Including the Elderly in Clinical Trials: A Challenge for the Ages, Solutions for Today
Provided by: Artcraft Health
Written by: Allison Musante, ELS
Allison Musante is a copywriter and editor at Artcraft Health, a full-service health education and marketing communications agency. She has served at the helm of two peer-reviewed journals of the American Geriatrics Society.
If someone came to you with an “unprecedented" challenge “without parallel in human history," would you step aside or would you rise to meet it? That is how the United Nations has described the growth of the aging population and its predicted impact on many facets of life, including healthcare. By 2050,
the global population aged 60 or older is estimated to triple, reaching nearly 2 billion. In the United States, about 10,000 Americans turn 65 every day.
Champions of patient care should be concerned not only with whether people are living longer but also with whether they are living well. By opening the avenues of discovery for potentially new therapies, clinical trials are essential to those systems that can enhance quality of life for older adults.
What’s the Issue?
The highest burden of chronic disease is among older adults, for whom heart disease, cancer, and respiratory disease are reported as the leading causes of death. However, older adults are often excluded from participating in clinical trials, with seemingly arbitrary age cutoffs built into the enrollment criteria.

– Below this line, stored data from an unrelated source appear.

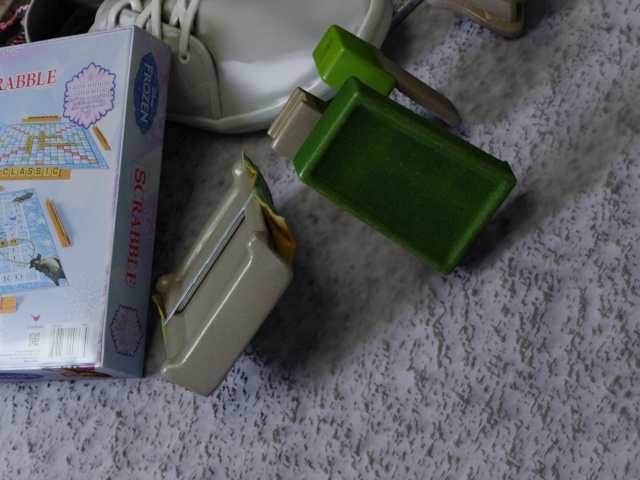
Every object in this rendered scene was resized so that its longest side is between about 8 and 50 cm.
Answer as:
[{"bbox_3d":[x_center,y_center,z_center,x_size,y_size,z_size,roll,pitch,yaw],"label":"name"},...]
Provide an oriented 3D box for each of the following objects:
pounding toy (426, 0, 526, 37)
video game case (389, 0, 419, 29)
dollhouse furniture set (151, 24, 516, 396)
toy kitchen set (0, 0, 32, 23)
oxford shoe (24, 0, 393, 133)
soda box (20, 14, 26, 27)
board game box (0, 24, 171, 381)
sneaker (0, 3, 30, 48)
[{"bbox_3d":[0.176,-0.301,1.457,0.154,0.155,0.269,7,70,10],"label":"pounding toy"},{"bbox_3d":[0.055,-0.230,1.541,0.122,0.011,0.087,-44,42,3],"label":"video game case"},{"bbox_3d":[0.000,0.000,1.367,0.301,0.151,0.197,-55,18,15],"label":"dollhouse furniture set"},{"bbox_3d":[-0.339,-0.282,1.858,0.075,0.068,0.083,21,73,46],"label":"toy kitchen set"},{"bbox_3d":[-0.129,-0.200,1.576,0.449,0.130,0.169,3,61,40],"label":"oxford shoe"},{"bbox_3d":[-0.243,-0.286,1.792,0.063,0.058,0.183,28,79,47],"label":"soda box"},{"bbox_3d":[-0.297,-0.026,1.536,0.318,0.066,0.318,-3,75,30],"label":"board game box"},{"bbox_3d":[-0.342,-0.225,1.840,0.119,0.047,0.057,-20,54,36],"label":"sneaker"}]

When geriatric care providers make medical decisions based on data derived from trials limited to younger adults, the problem of risk–benefit guesswork arises. That’s because an older patient may respond differently from a younger patient to the same drug because of the older patient’s age-related physiologic changes and comorbid chronic conditions and other medications (polypharmacy). So, in the absence of sound evidence to support prescribing decisions, the door is often left open for potentially inappropriate or harmful drug use by older adults, which increases their risk of adverse drug-drug and drug-disease events and, consequently, morbidity, death, and increased healthcare costs.

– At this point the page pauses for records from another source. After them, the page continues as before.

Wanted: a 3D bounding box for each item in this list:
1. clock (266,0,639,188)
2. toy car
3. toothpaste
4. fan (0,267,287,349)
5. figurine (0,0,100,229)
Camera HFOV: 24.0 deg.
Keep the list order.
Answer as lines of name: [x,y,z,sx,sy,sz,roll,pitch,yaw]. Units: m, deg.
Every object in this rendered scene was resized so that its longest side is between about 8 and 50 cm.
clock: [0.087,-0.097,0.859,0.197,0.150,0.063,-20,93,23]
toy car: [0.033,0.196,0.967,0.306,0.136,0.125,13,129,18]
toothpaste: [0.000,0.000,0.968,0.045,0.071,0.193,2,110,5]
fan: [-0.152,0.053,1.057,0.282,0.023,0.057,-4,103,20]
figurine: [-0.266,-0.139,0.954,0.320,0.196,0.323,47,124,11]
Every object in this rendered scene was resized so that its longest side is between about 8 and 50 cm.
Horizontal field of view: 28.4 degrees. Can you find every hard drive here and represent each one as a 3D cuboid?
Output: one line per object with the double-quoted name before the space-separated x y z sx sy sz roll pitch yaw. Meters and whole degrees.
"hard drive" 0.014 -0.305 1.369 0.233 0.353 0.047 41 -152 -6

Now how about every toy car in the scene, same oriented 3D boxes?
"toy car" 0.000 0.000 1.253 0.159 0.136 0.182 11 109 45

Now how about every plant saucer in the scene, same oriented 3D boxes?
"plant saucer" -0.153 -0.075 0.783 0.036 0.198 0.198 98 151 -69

Overcoming the Exclusion Drivers
There are many obstacles that have driven the exclusion of older adults in clinical trials, but they may not be impassable with the proper planning
and creative approach.
Medical complexity
The risk of adverse events leading to study withdrawal or death may be higher among older adults because of polypharmacy and comorbidity. Reduced life expectancy may also complicate protocol design.

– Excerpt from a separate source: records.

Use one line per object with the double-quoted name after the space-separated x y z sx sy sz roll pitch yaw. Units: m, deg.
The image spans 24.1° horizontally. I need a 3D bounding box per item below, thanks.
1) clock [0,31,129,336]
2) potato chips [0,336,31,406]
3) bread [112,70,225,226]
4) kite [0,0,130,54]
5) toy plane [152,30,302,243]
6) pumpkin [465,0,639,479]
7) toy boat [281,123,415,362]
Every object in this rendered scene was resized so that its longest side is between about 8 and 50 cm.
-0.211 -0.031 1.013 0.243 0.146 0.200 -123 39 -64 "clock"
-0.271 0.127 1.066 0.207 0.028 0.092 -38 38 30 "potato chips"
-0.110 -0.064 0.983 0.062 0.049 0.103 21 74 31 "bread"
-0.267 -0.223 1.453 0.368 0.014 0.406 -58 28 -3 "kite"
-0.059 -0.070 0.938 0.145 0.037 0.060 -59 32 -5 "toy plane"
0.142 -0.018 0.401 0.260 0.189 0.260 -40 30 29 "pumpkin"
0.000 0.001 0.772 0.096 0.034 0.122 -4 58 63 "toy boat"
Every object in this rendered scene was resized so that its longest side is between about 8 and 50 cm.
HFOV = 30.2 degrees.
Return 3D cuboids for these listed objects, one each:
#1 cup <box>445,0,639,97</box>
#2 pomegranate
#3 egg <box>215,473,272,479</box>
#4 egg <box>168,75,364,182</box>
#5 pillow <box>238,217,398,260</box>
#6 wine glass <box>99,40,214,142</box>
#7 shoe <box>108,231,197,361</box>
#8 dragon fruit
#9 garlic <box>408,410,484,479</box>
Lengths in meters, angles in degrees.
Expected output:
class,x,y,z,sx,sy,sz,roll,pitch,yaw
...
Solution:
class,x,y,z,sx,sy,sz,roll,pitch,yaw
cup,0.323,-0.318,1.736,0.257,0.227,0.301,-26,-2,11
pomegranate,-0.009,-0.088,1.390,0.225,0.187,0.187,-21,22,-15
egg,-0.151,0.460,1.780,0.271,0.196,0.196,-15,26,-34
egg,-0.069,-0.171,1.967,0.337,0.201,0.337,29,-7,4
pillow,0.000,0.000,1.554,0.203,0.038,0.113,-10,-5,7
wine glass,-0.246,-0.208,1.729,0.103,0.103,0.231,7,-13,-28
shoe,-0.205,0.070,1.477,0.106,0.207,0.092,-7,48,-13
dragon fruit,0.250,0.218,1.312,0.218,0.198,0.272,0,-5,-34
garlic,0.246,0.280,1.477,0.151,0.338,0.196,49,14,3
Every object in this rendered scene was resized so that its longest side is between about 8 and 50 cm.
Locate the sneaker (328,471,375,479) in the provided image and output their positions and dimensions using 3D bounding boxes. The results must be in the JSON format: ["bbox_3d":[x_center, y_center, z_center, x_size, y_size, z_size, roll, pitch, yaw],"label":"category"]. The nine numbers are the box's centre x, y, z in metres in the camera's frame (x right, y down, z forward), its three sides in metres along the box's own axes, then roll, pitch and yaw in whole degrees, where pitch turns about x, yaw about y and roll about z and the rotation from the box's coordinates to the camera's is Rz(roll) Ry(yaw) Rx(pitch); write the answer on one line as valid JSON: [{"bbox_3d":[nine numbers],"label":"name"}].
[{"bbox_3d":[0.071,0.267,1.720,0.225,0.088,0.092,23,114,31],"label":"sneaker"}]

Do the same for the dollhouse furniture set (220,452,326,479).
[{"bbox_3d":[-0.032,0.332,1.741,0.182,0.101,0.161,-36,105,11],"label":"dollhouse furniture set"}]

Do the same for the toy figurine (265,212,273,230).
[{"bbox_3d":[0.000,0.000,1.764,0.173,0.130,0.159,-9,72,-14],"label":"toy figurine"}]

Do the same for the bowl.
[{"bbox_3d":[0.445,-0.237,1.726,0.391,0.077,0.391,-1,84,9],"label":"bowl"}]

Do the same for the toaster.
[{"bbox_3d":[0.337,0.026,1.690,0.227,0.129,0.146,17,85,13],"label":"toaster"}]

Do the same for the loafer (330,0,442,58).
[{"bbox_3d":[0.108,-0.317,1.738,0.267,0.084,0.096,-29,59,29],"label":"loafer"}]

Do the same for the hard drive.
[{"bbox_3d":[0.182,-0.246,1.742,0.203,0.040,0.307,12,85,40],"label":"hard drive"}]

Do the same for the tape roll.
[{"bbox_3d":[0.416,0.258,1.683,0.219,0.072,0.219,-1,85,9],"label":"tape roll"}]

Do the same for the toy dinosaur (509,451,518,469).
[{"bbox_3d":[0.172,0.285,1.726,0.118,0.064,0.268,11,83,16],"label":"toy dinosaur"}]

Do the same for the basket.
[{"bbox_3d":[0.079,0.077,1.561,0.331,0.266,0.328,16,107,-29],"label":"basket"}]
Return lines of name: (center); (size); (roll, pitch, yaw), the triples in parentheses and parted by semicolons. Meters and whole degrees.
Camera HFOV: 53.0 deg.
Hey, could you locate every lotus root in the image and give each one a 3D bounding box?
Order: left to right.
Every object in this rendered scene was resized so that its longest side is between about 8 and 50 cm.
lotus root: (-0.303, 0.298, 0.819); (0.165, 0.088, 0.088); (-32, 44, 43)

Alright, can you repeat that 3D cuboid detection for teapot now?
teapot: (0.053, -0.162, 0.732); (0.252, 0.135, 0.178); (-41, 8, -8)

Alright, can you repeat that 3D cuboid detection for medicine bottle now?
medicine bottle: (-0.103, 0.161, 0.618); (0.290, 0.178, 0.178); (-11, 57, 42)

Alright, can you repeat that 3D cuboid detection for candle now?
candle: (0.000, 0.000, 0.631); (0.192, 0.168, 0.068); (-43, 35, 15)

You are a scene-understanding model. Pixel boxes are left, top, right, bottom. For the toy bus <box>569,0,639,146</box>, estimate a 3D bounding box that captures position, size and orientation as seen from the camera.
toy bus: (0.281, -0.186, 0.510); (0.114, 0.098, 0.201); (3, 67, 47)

How to overcome it: The FDA has provided guidance on this issue (available at http://bit.ly/2c1DIKv). Here are a few of their suggestions:
• Discuss the need for geriatric data during drug development and in the marketing application submission
• Discuss a plan to collect postmarketing data of geriatric patients if enrollment efforts are unsuccessful
Lack of access and support
Many older adults may not have transportation to get to and from study visits. They may also lack other physical resources, such as at-home caregiver support, which is needed to comply with a protocol.
How to overcome it: Site staff in a trial can empower caregivers by communicating with them early and often about the requirements of the trial and discuss any barriers that may affect their loved one’s ability to complete the trial.
Site staff can also connect participants and their caregivers with local transportation services. (See a list at www.disability.gov/can-get-helpfinding-
ride.)
Inadequate education
It is essential that trial participants of all ages clearly understand an informed consent form.
This form can be overwhelming and confusing to even young and otherwise healthy people. In addition, vision and thought-processing abilities tend to decline with age and may be more impaired in older patients who have cognitive disorders or diseases.
How to overcome it: All recruitment and retention materials must be written and designed to meet the unique health literacy needs of older adults. Here are a just few ways to do so:
• Emphasize the “need to know" points
• Use culture-specific, age-appropriate examples or analogies
• Ensure the material’s design is free of clutter and uses large text and high-contrast colors
• Present content logically and used bulleted lists
From a trial’s design to its conclusion, it’s critical to identify the potential limitations and plan ahead for solutions so that geriatric patients may be better represented in clinical trials.
Remember, nearly 2 billion people will be at least 60 years old in 2050. To industry leaders, this number should be a call to action—both to seize an important market opportunity and to meet urgent therapeutic needs.